What you need to know:
Policy proposals. Museveni did not make outstanding policy proposals to be ‘elected’ in 2011 or 2016 or 2006. No. His source of power is not the ballot.
This is the question before us at a round-table at the end of this year’s annual meeting of the African Studies Association (ASA) here in Boston, USA. There is wider consensus, not just at this roundtable, that Uganda took a turn for the worst in its politics in the recent past. Episodes of State-instigated brutality and the blatant violation of basic freedoms are too numerous as to merit the conclusion of a more authoritarian system currently presided over by Mr Museveni.
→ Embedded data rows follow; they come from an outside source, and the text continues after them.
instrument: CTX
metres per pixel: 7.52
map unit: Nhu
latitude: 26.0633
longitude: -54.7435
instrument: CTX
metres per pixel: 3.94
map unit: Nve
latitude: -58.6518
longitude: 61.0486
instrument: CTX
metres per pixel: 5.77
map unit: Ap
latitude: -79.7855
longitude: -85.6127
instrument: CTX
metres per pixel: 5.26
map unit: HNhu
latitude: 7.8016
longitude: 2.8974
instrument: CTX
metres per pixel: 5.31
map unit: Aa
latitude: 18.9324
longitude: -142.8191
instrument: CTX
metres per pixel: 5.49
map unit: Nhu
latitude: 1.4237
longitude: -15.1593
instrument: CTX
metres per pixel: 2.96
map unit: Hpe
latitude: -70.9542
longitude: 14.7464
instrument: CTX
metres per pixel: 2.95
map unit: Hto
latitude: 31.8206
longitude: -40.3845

One panellist at this round-table insists on apportioning blame to the Opposition. He argues that the Opposition lacks a clear and compelling alternative vision for a post-Museveni Uganda. That neither Dr Kizza Besigye, not Mugisha Muntu nor the new kid, Bobi Wine, have laid down a persuasive plan of how to manage the country once Museveni is out of the picture. This is a valid point, and it is seldom new. But it is scarcely the reason why Museveni clings onto power and has become more authoritarian.
A lot has been made about Bobi Wine, yet many Ugandans remain sceptical and unsure of why he is heralded as the best candidate to defeat Museveni. Even more importantly, what makes him best placed to lead the healing of a nation facing enormous problems?
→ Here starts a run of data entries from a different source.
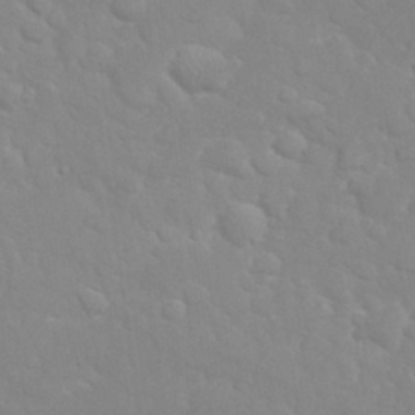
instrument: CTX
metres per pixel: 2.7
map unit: eHh
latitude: 32.2711
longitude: -60.2333
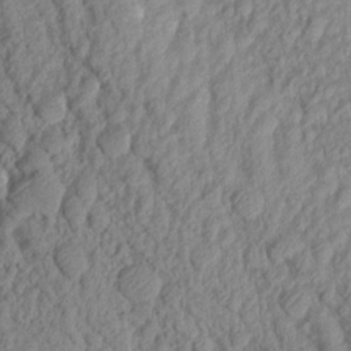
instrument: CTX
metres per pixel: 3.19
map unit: Aa
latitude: 17.9528
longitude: -147.2159
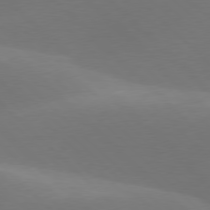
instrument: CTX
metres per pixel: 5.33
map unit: lApd
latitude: 77.5182
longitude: -51.3103
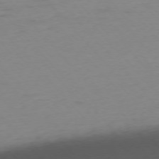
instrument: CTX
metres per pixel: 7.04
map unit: Ap
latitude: -76.2173
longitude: -71.7449
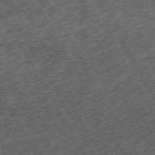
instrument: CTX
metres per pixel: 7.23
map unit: Hpe
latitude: -70.9164
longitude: 16.9542
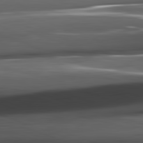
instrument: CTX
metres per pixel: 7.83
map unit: lApd
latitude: 82.1577
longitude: -144.4601
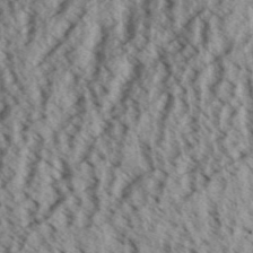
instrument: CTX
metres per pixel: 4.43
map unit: Aa
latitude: 32.0444
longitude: -137.4238
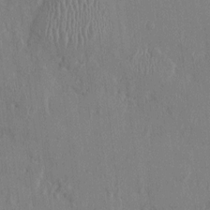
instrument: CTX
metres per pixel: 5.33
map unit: HNhu
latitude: 1.2159
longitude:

Sceptics have a point in asking whether Bobi Wine has the credentials and the competencies to articulate an alternative vision for the country. So far, he has not.
While many are keen on making sense of the Bobi Wine phenomenon, the speed of his being marketed to and by the international media, is simply bewildering. In the past one-year, several international media houses have reached me for a comment, and the first question always is: “Do you think Bobi Wine is the person to take on Museveni?” Never has a Ugandan political figure attracted so much international media interest. Why?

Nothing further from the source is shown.